The works are at once self-referential and representational, present and past. From early traces of sustainable thought in Jaime Lerner’s Maringá stadium to the cloud-cotton-rower of Vik Muniz to the Bikini Brawl by Dana Hoey exploring the concept of “female” to the angelical MOS diagram (presented at Storefront previously two years ago), all works participate in a diachronic fashion in the construction of multiple narratives, rarely overlapping in content or scope.

While usually it is the role of the critic to identify the relevance of a work of art in relation to a trajectory or a historical moment, in this exhibition the curators, Sebastiaan Bramer, Florian Idenburg and Jing Liu as provocateurs or journalists, have asked the artists and architects to create a space of intimacy, to identify and create a space of legibility to let the viewer see behind the mind of the artists from where to start reading an entire body of work. Similarly to a televised intimate interview series, the exhibition is simultaneously serious and frivolous.

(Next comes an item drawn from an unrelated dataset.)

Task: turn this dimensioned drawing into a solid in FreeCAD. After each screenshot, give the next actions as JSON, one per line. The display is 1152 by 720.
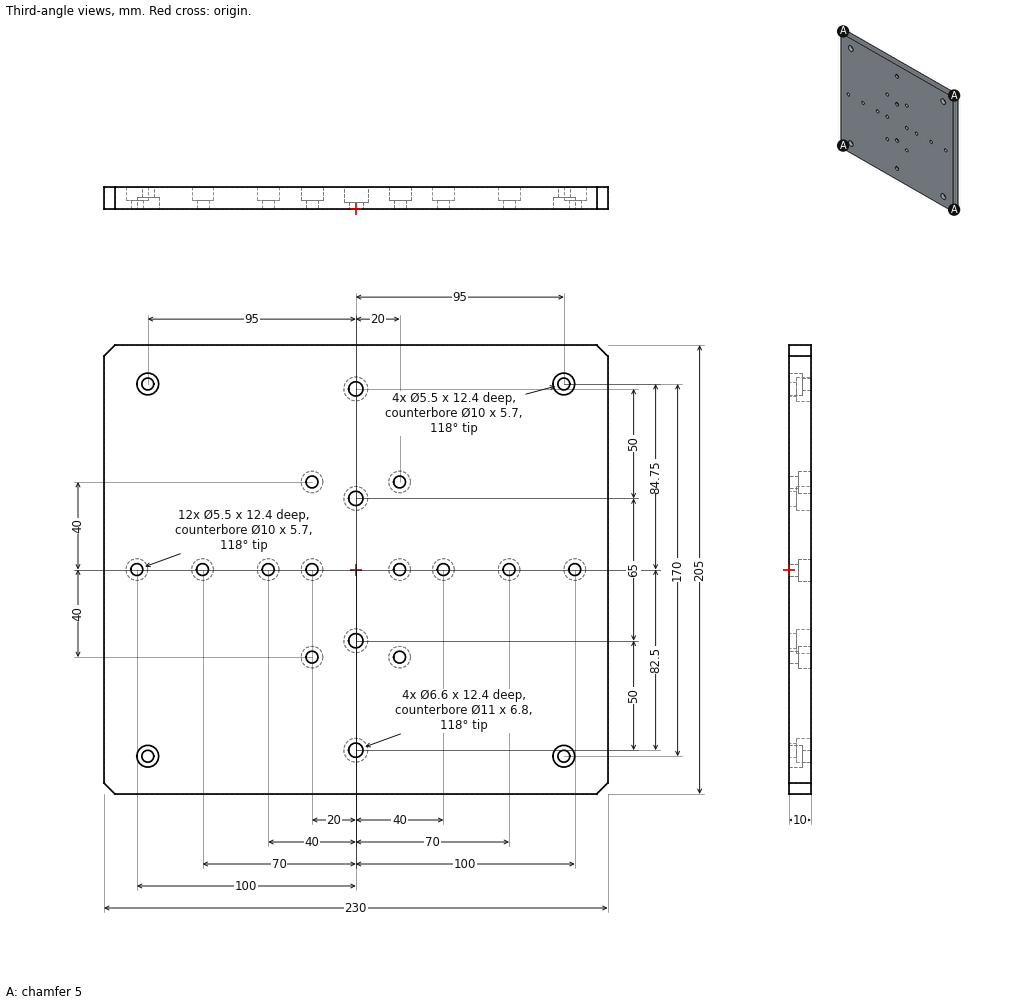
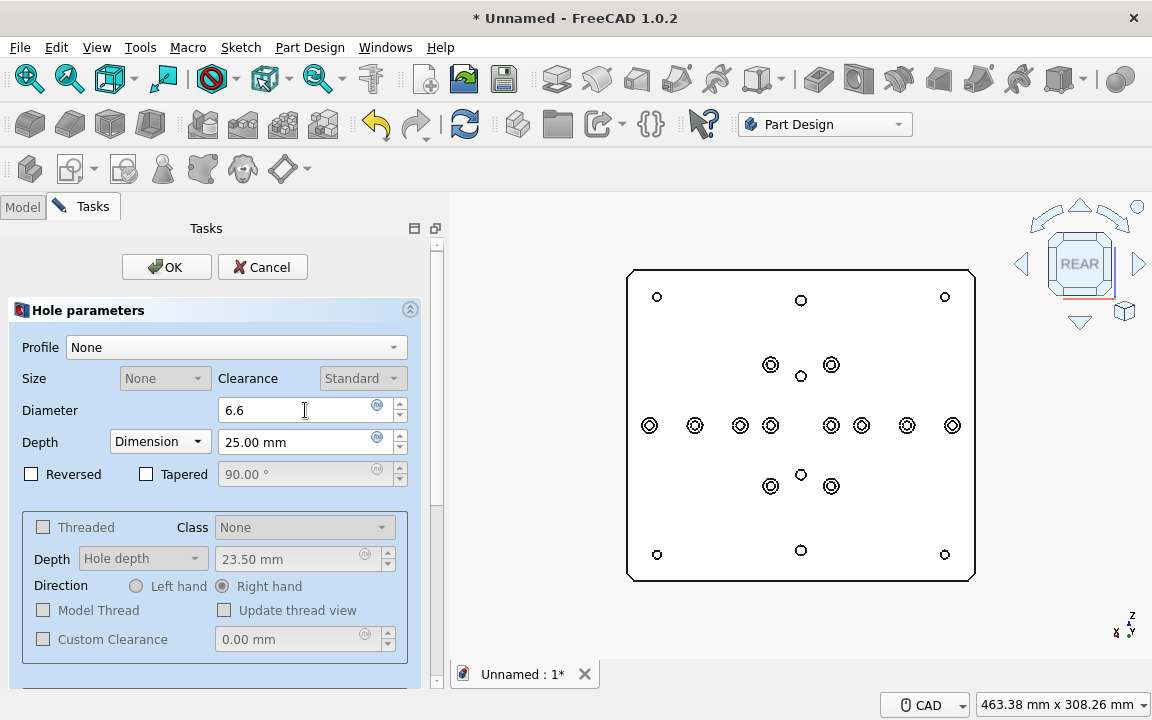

With an installation by SO-IL, BLUEPRINT leaves the gallery totally open, yet perpetually closed and fixed. Wrapped in time and in space, the Acconci-Holl façade opens its doors permanently to the works that –while present in the show by reference– are outside the gallery walls. The space looses its literal operational transparency to become a white, translucent icon of its curatorial aspirations. Rendering everything on either side as a world of shadows, the installation denies the spatial properties and the implications of the processional exit of the platonic cave towards a world of truth.

In BLUEPRINT, the quest for the truth takes you into two equally shadowed sides.